__Requirement__: Since the pictures are not wanted, reproduce only the rest of the records, exactly as given.

__Data section__:
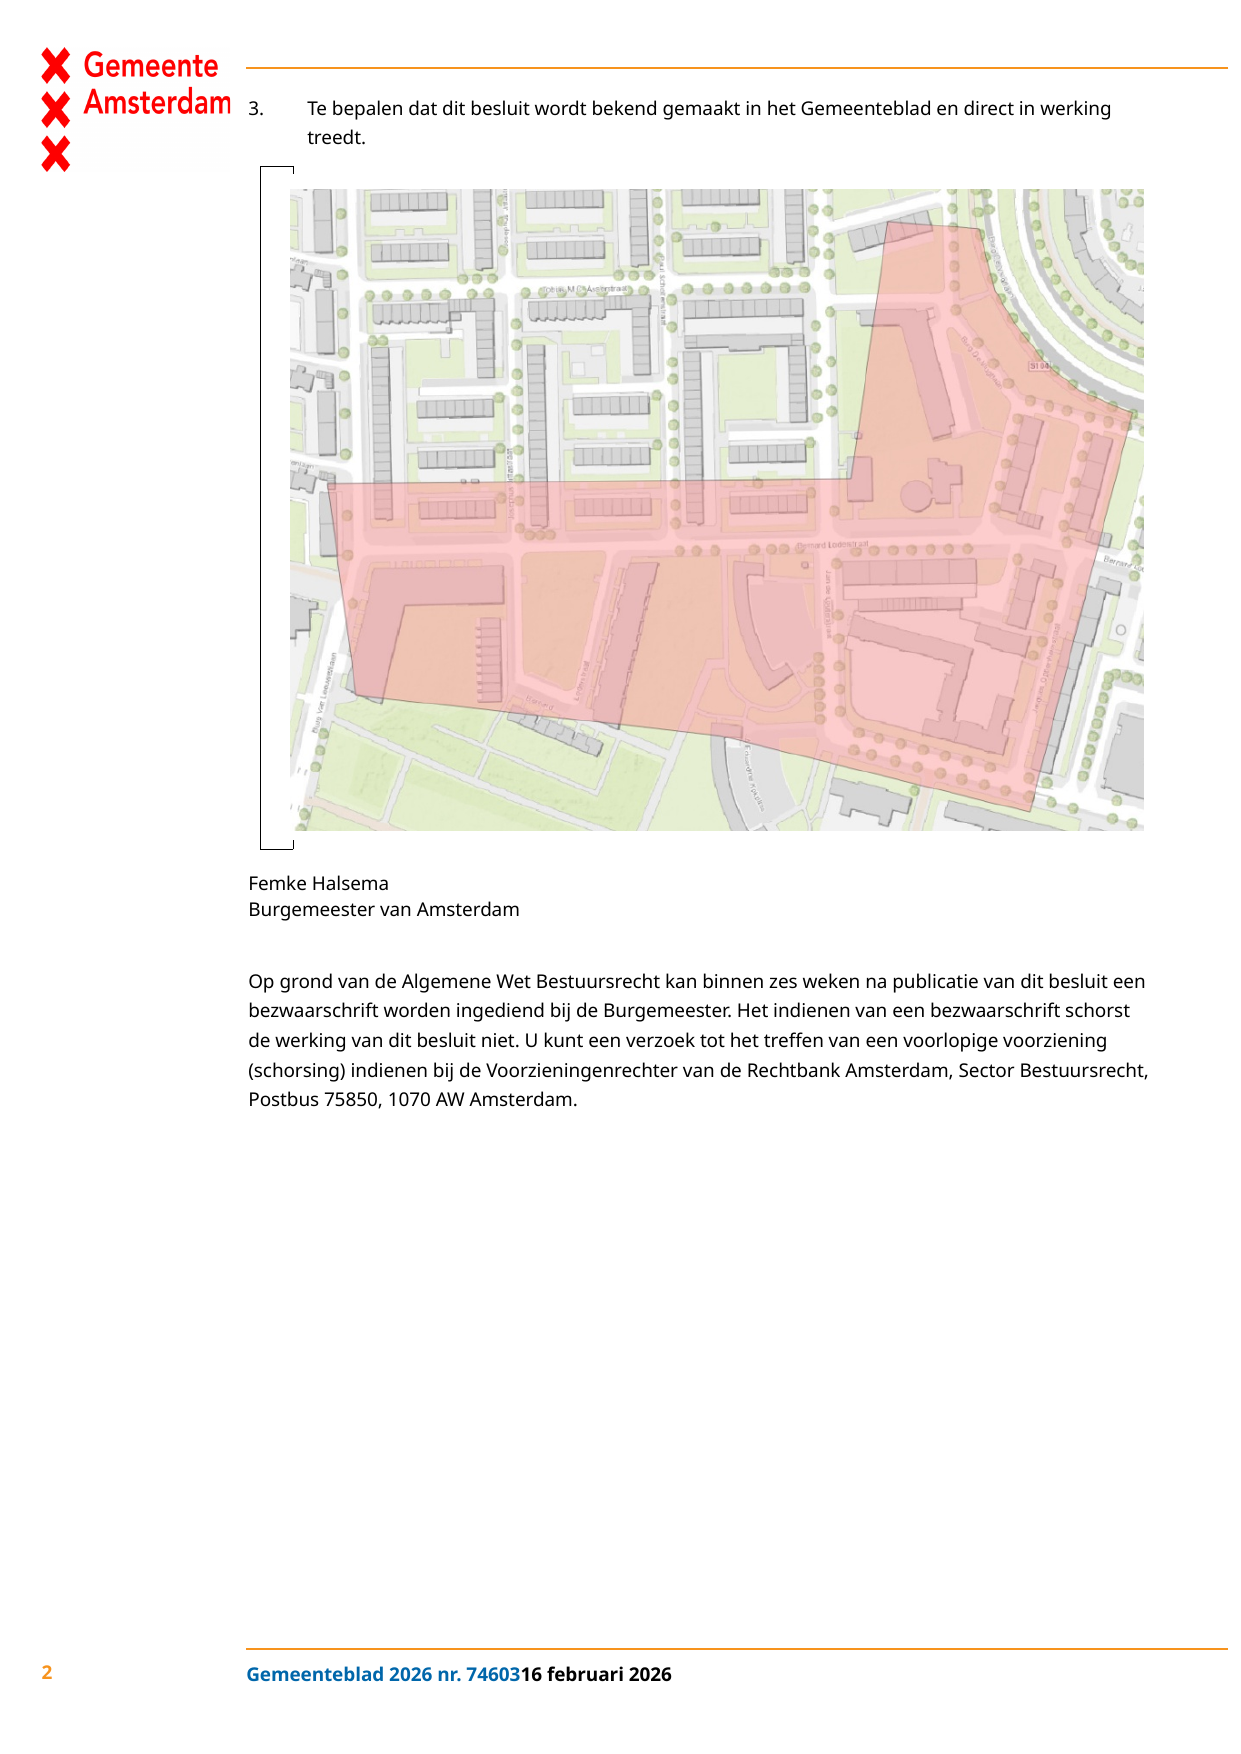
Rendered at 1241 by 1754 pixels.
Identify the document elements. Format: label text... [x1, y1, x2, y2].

picture [41, 47, 231, 172]
text Burgemeester van Amsterdam [248, 896, 1152, 922]
text Femke Halsema [248, 870, 1152, 896]
text Op grond van de Algemene Wet Bestuursrecht kan binnen zes weken na publicatie van dit besluit een bezwaarschrift worden ingediend bij de Burgemeester. Het indienen van een bezwaarschrift schorst de werking van dit besluit niet. U kunt een verzoek tot het treffen van een voorlopige voorziening (schorsing) indienen bij de Voorzieningenrechter van de Rechtbank Amsterdam, Sector Bestuursrecht, Postbus 75850, 1070 AW Amsterdam. [248, 968, 1152, 1112]
list Te bepalen dat dit besluit wordt bekend gemaakt in het Gemeenteblad en direct in werking treedt. [248, 95, 1152, 150]
picture [268, 174, 1155, 840]
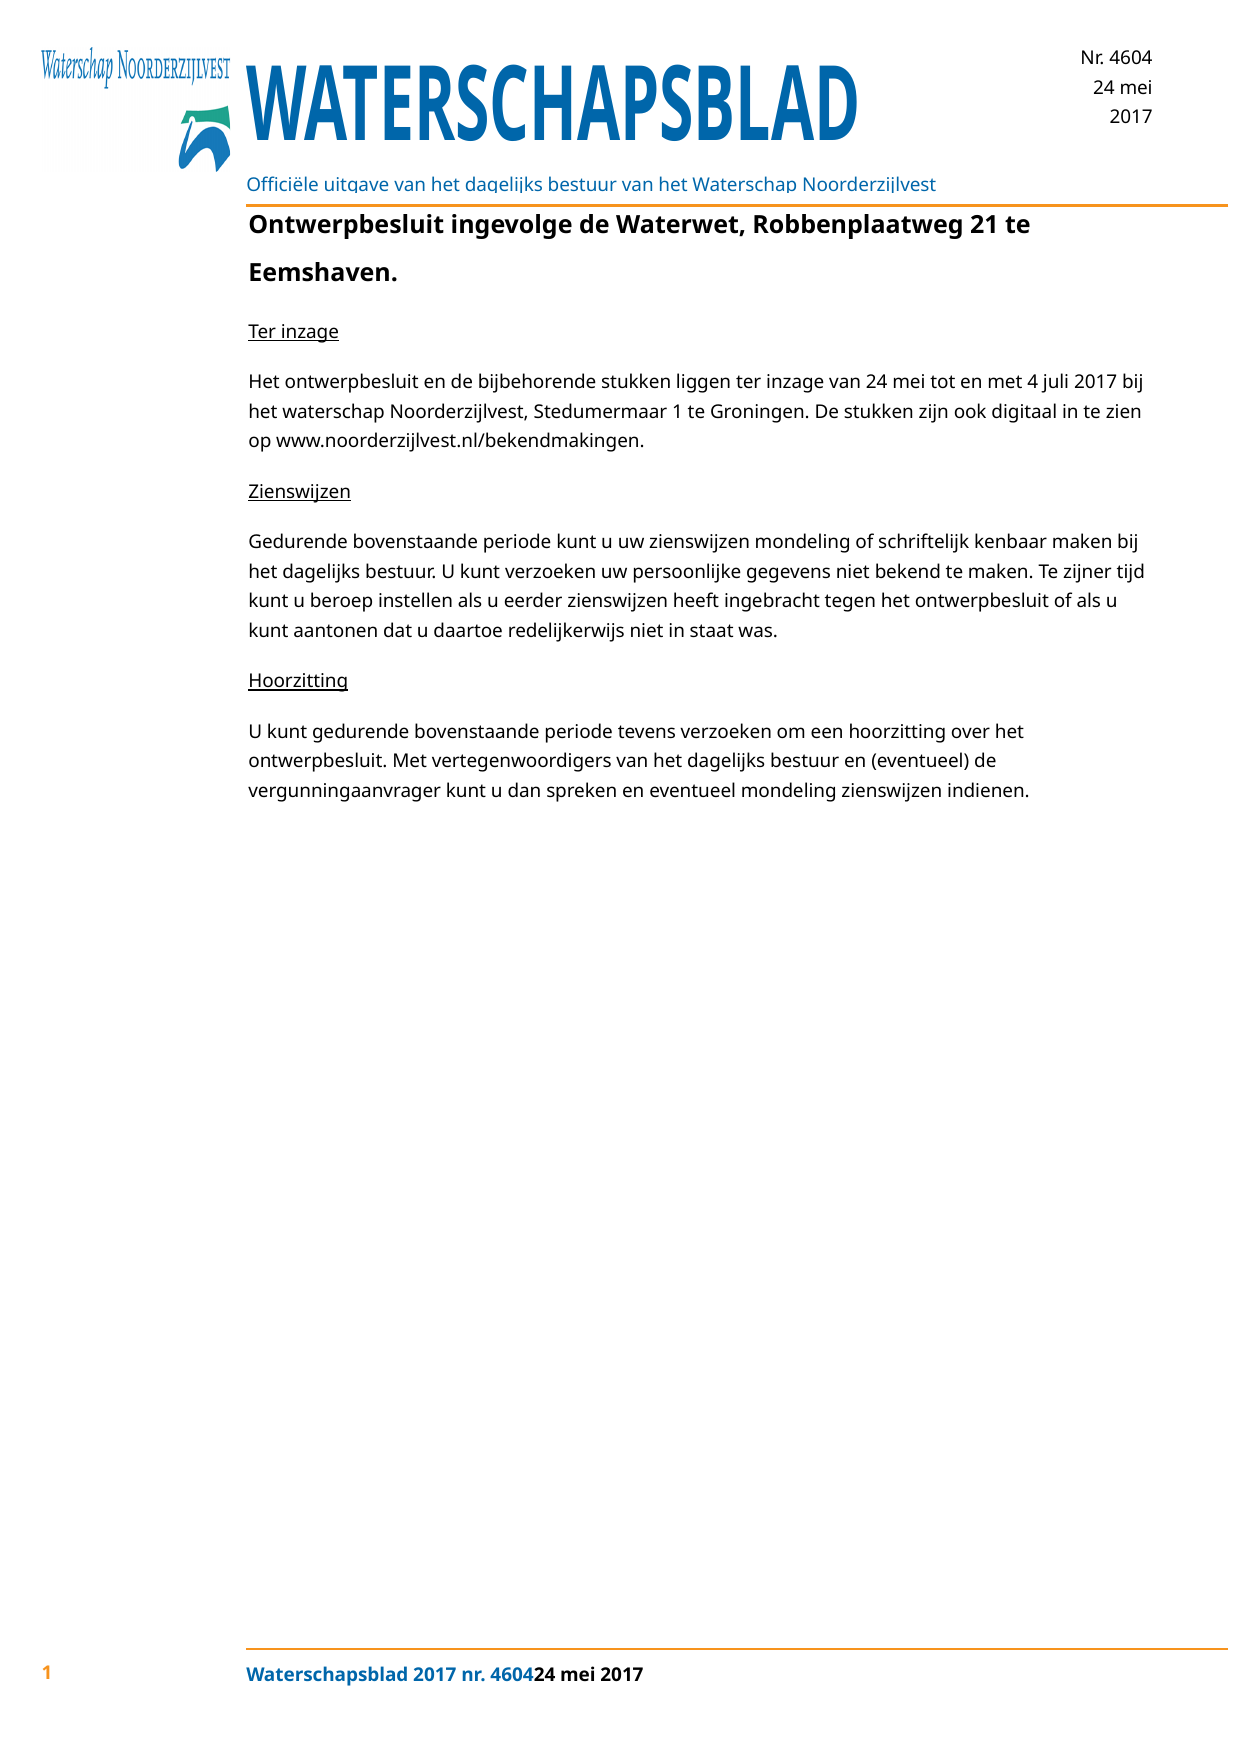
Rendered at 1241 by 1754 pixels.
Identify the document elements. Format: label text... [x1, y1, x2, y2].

text Zienswijzen [248, 478, 1152, 504]
text U kunt gedurende bovenstaande periode tevens verzoeken om een hoorzitting over het ontwerpbesluit. Met vertegenwoordigers van het dagelijks bestuur en (eventueel) de vergunningaanvrager kunt u dan spreken en eventueel mondeling zienswijzen indienen. [248, 718, 1152, 803]
text Ontwerpbesluit ingevolge de Waterwet, Robbenplaatweg 21 te Eemshaven. [248, 207, 1152, 288]
text Ter inzage [248, 318, 1152, 344]
text Gedurende bovenstaande periode kunt u uw zienswijzen mondeling of schriftelijk kenbaar maken bij het dagelijks bestuur. U kunt verzoeken uw persoonlijke gegevens niet bekend te maken. Te zijner tijd kunt u beroep instellen als u eerder zienswijzen heeft ingebracht tegen het ontwerpbesluit of als u kunt aantonen dat u daartoe redelijkerwijs niet in staat was. [248, 528, 1152, 643]
picture [41, 47, 231, 172]
text Hoorzitting [248, 667, 1152, 693]
text Het ontwerpbesluit en de bijbehorende stukken liggen ter inzage van 24 mei tot en met 4 juli 2017 bij het waterschap Noorderzijlvest, Stedumermaar 1 te Groningen. De stukken zijn ook digitaal in te zien op www.noorderzijlvest.nl/bekendmakingen. [248, 368, 1152, 453]
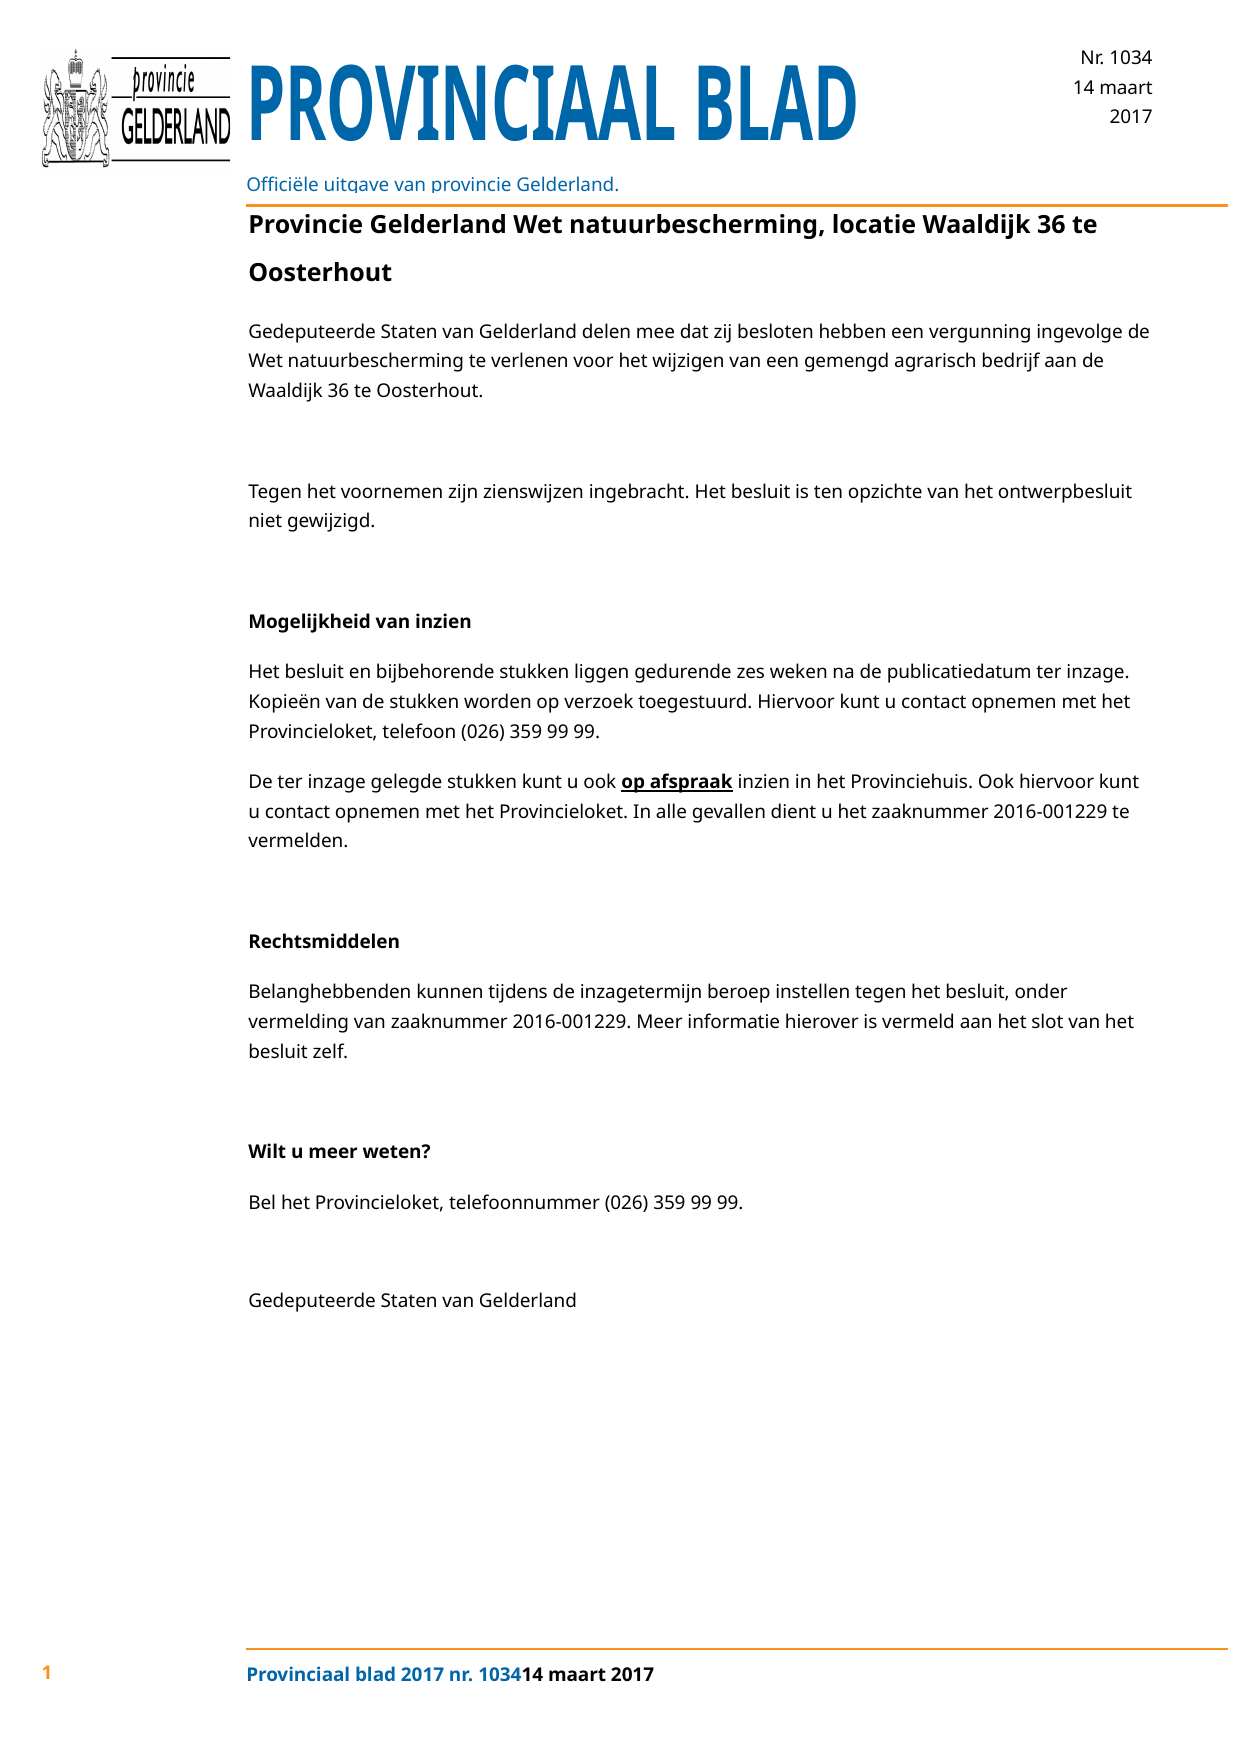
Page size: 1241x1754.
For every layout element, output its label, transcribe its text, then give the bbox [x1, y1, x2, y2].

text Mogelijkheid van inzien [248, 608, 1152, 634]
text Rechtsmiddelen [248, 928, 1152, 954]
text Gedeputeerde Staten van Gelderland delen mee dat zij besloten hebben een vergunning ingevolge de Wet natuurbescherming te verlenen voor het wijzigen van een gemengd agrarisch bedrijf aan de Waaldijk 36 te Oosterhout. [248, 318, 1152, 403]
picture [41, 47, 231, 172]
text Gedeputeerde Staten van Gelderland [248, 1287, 1152, 1313]
text Het besluit en bijbehorende stukken liggen gedurende zes weken na de publicatiedatum ter inzage. Kopieën van de stukken worden op verzoek toegestuurd. Hiervoor kunt u contact opnemen met het Provincieloket, telefoon (026) 359 99 99. [248, 659, 1152, 744]
text Tegen het voornemen zijn zienswijzen ingebracht. Het besluit is ten opzichte van het ontwerpbesluit niet gewijzigd. [248, 478, 1152, 533]
text De ter inzage gelegde stukken kunt u ook op afspraak inzien in het Provinciehuis. Ook hiervoor kunt u contact opnemen met het Provincieloket. In alle gevallen dient u het zaaknummer 2016-001229 te vermelden. [248, 768, 1152, 853]
text Bel het Provincieloket, telefoonnummer (026) 359 99 99. [248, 1189, 1152, 1215]
text Belanghebbenden kunnen tijdens de inzagetermijn beroep instellen tegen het besluit, onder vermelding van zaaknummer 2016-001229. Meer informatie hierover is vermeld aan het slot van het besluit zelf. [248, 979, 1152, 1064]
text Wilt u meer weten? [248, 1139, 1152, 1164]
text Provincie Gelderland Wet natuurbescherming, locatie Waaldijk 36 te Oosterhout [248, 207, 1152, 288]

__Output for this task__:
Rendered at 1241 by 1754 pixels.
Identify the document elements. Format: label text... [x1, y1, x2, y2].

picture [41, 47, 231, 172]
text Burgemeester van Amsterdam [248, 896, 1152, 922]
text Femke Halsema [248, 870, 1152, 896]
text Op grond van de Algemene Wet Bestuursrecht kan binnen zes weken na publicatie van dit besluit een bezwaarschrift worden ingediend bij de Burgemeester. Het indienen van een bezwaarschrift schorst de werking van dit besluit niet. U kunt een verzoek tot het treffen van een voorlopige voorziening (schorsing) indienen bij de Voorzieningenrechter van de Rechtbank Amsterdam, Sector Bestuursrecht, Postbus 75850, 1070 AW Amsterdam. [248, 968, 1152, 1112]
list Te bepalen dat dit besluit wordt bekend gemaakt in het Gemeenteblad en direct in werking treedt. [248, 95, 1152, 150]
picture [268, 174, 1155, 840]
Rendered at 1241 by 1754 pixels.
Identify the document elements. Format: label text... [x1, y1, x2, y2].

text Zienswijzen [248, 478, 1152, 504]
text U kunt gedurende bovenstaande periode tevens verzoeken om een hoorzitting over het ontwerpbesluit. Met vertegenwoordigers van het dagelijks bestuur en (eventueel) de vergunningaanvrager kunt u dan spreken en eventueel mondeling zienswijzen indienen. [248, 718, 1152, 803]
text Ontwerpbesluit ingevolge de Waterwet, Robbenplaatweg 21 te Eemshaven. [248, 207, 1152, 288]
text Ter inzage [248, 318, 1152, 344]
text Gedurende bovenstaande periode kunt u uw zienswijzen mondeling of schriftelijk kenbaar maken bij het dagelijks bestuur. U kunt verzoeken uw persoonlijke gegevens niet bekend te maken. Te zijner tijd kunt u beroep instellen als u eerder zienswijzen heeft ingebracht tegen het ontwerpbesluit of als u kunt aantonen dat u daartoe redelijkerwijs niet in staat was. [248, 528, 1152, 643]
picture [41, 47, 231, 172]
text Hoorzitting [248, 667, 1152, 693]
text Het ontwerpbesluit en de bijbehorende stukken liggen ter inzage van 24 mei tot en met 4 juli 2017 bij het waterschap Noorderzijlvest, Stedumermaar 1 te Groningen. De stukken zijn ook digitaal in te zien op www.noorderzijlvest.nl/bekendmakingen. [248, 368, 1152, 453]
Page size: 1241x1754.
For every layout element, output its label, transcribe its text, then give the bbox [x1, y1, x2, y2].

text Mogelijkheid van inzien [248, 608, 1152, 634]
text Rechtsmiddelen [248, 928, 1152, 954]
text Gedeputeerde Staten van Gelderland delen mee dat zij besloten hebben een vergunning ingevolge de Wet natuurbescherming te verlenen voor het wijzigen van een gemengd agrarisch bedrijf aan de Waaldijk 36 te Oosterhout. [248, 318, 1152, 403]
picture [41, 47, 231, 172]
text Gedeputeerde Staten van Gelderland [248, 1287, 1152, 1313]
text Het besluit en bijbehorende stukken liggen gedurende zes weken na de publicatiedatum ter inzage. Kopieën van de stukken worden op verzoek toegestuurd. Hiervoor kunt u contact opnemen met het Provincieloket, telefoon (026) 359 99 99. [248, 659, 1152, 744]
text Tegen het voornemen zijn zienswijzen ingebracht. Het besluit is ten opzichte van het ontwerpbesluit niet gewijzigd. [248, 478, 1152, 533]
text De ter inzage gelegde stukken kunt u ook op afspraak inzien in het Provinciehuis. Ook hiervoor kunt u contact opnemen met het Provincieloket. In alle gevallen dient u het zaaknummer 2016-001229 te vermelden. [248, 768, 1152, 853]
text Bel het Provincieloket, telefoonnummer (026) 359 99 99. [248, 1189, 1152, 1215]
text Belanghebbenden kunnen tijdens de inzagetermijn beroep instellen tegen het besluit, onder vermelding van zaaknummer 2016-001229. Meer informatie hierover is vermeld aan het slot van het besluit zelf. [248, 979, 1152, 1064]
text Wilt u meer weten? [248, 1139, 1152, 1164]
text Provincie Gelderland Wet natuurbescherming, locatie Waaldijk 36 te Oosterhout [248, 207, 1152, 288]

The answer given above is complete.